§ **Exercise**
Take the entries below and print only the lines from the one with "4) person (791,1068,833,1079)" through the one with "10) person (1300,660,1427,933)", exactly as they stand, both ends included.

Extracted records

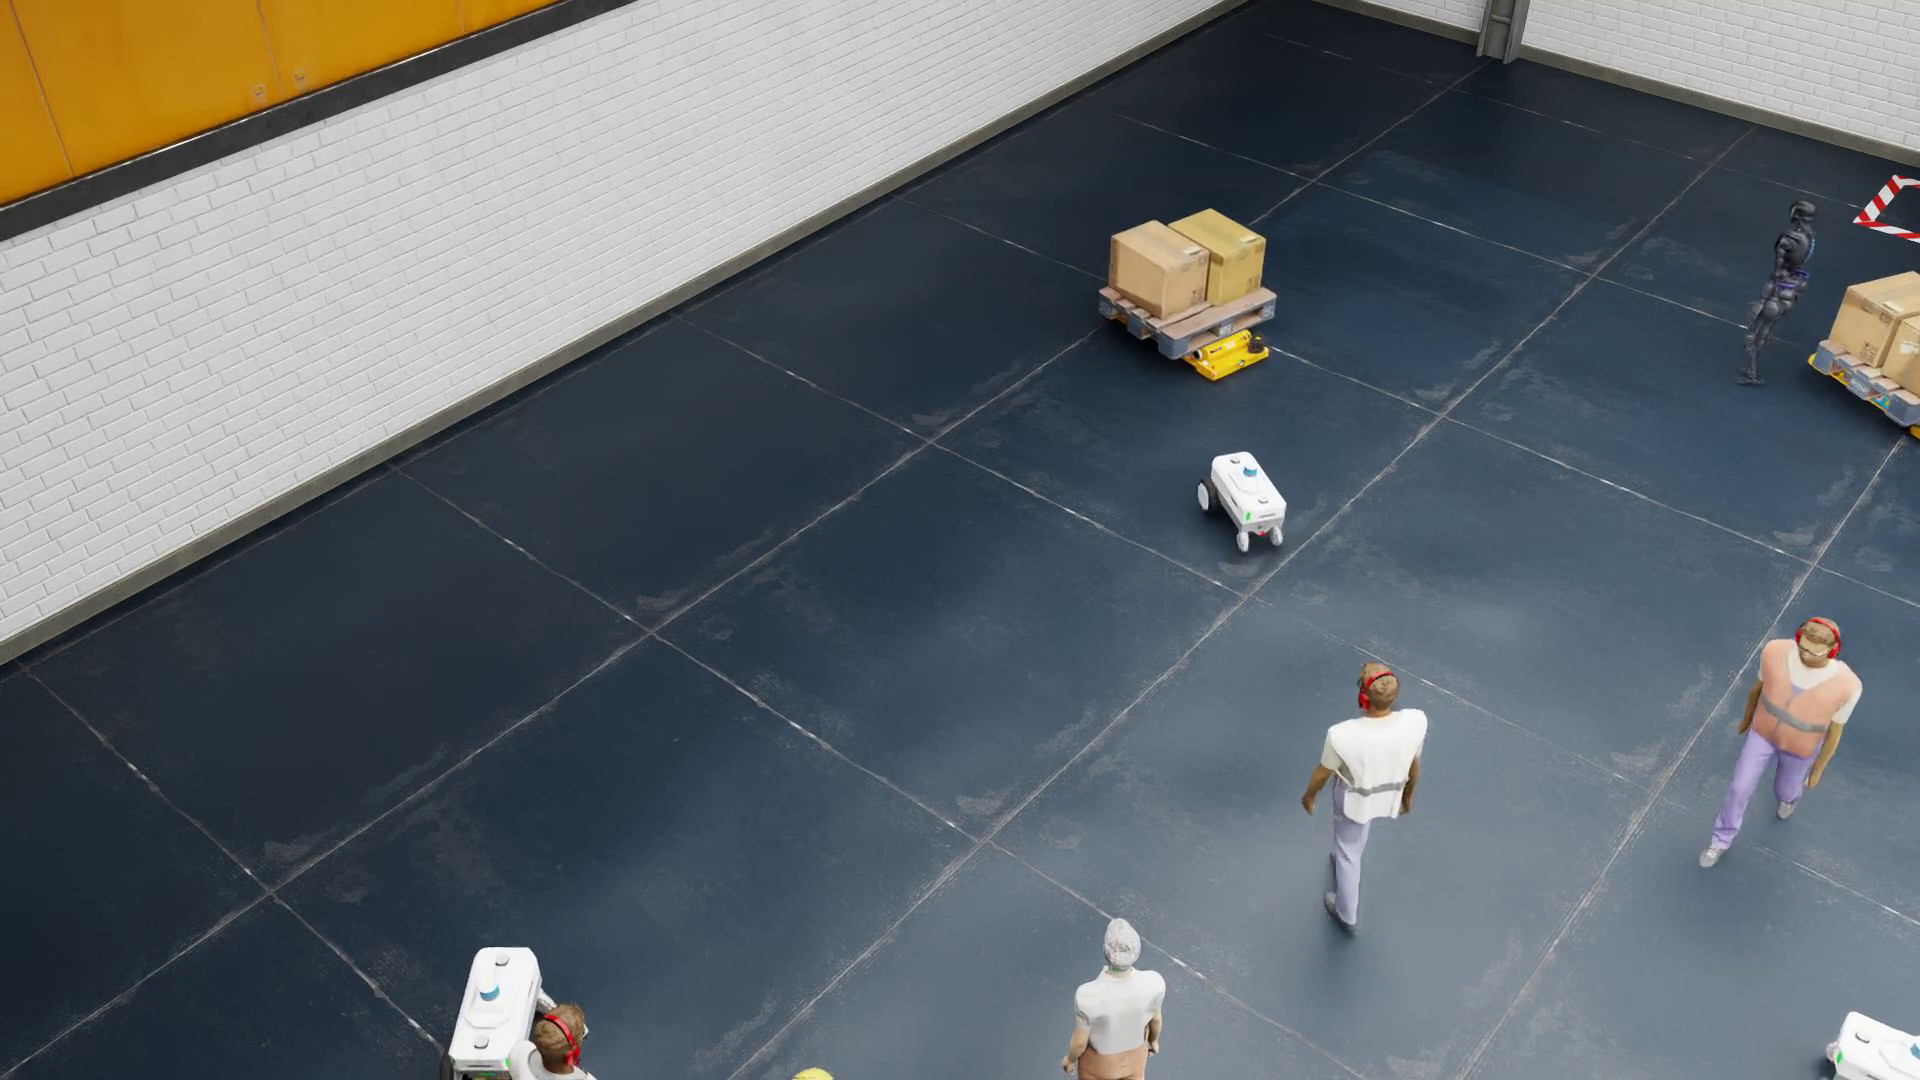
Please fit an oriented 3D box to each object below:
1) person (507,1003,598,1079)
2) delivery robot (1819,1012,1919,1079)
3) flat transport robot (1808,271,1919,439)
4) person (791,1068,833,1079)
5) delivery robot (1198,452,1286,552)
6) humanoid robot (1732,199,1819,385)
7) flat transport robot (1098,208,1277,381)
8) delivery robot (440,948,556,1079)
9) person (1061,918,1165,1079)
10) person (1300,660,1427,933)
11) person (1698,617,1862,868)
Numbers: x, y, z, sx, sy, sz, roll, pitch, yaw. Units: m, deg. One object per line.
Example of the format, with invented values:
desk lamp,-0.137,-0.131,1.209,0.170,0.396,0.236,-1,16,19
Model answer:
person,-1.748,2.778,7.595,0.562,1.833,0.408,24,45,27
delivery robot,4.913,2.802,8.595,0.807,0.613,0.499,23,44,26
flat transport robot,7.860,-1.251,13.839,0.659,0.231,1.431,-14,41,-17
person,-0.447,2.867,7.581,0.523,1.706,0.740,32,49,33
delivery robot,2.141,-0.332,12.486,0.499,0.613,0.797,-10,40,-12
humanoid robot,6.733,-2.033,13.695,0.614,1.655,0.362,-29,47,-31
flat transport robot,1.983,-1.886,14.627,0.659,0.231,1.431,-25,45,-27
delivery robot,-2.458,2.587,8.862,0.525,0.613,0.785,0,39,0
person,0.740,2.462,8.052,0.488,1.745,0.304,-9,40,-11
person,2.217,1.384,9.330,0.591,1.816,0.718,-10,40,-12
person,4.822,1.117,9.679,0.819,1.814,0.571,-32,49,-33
* * *
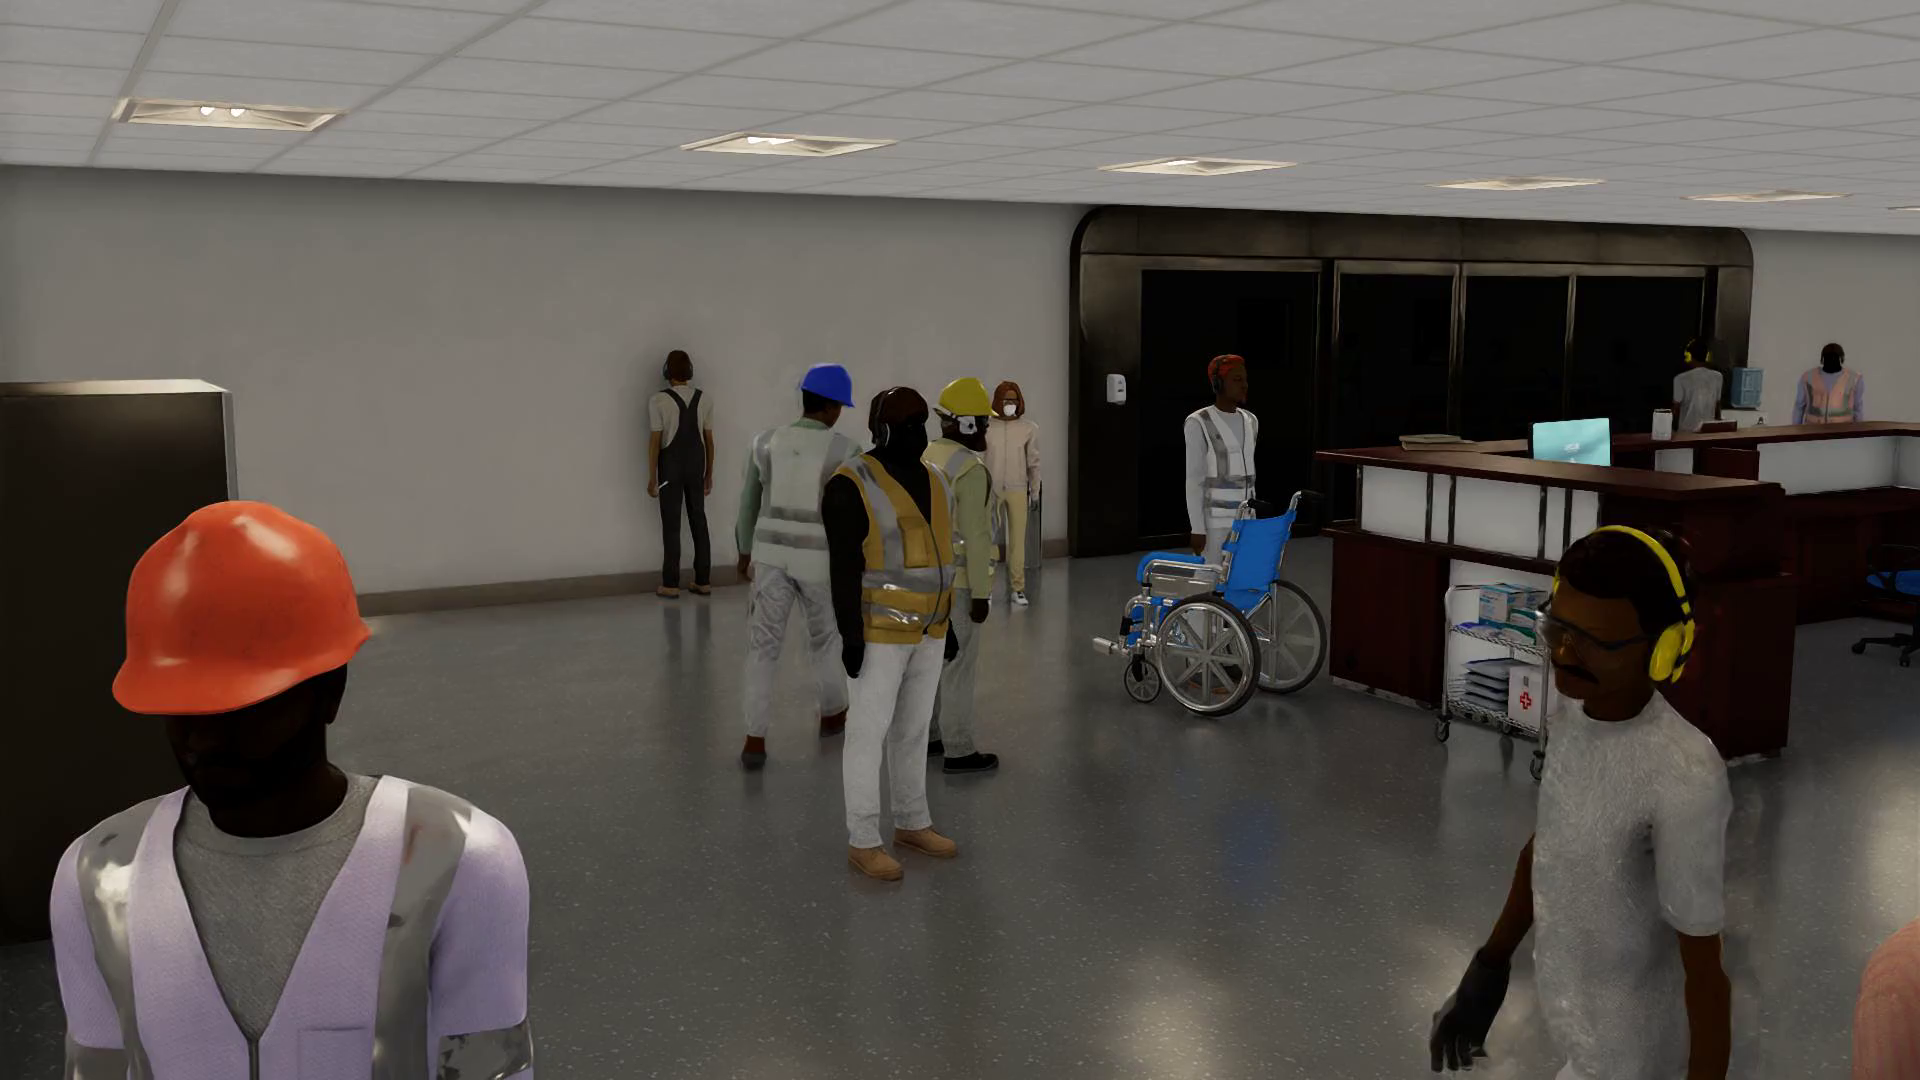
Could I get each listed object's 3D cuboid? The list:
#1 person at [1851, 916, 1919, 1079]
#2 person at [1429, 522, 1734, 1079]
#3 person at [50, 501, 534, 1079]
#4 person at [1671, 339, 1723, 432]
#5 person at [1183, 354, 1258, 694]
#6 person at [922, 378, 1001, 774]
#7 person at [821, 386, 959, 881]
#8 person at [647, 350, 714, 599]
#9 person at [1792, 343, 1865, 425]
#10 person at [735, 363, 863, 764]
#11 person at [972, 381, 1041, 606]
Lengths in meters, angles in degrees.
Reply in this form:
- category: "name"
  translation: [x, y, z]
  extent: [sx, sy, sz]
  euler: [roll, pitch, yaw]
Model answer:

§ **Your response**
4) person (791,1068,833,1079)
5) delivery robot (1198,452,1286,552)
6) humanoid robot (1732,199,1819,385)
7) flat transport robot (1098,208,1277,381)
8) delivery robot (440,948,556,1079)
9) person (1061,918,1165,1079)
10) person (1300,660,1427,933)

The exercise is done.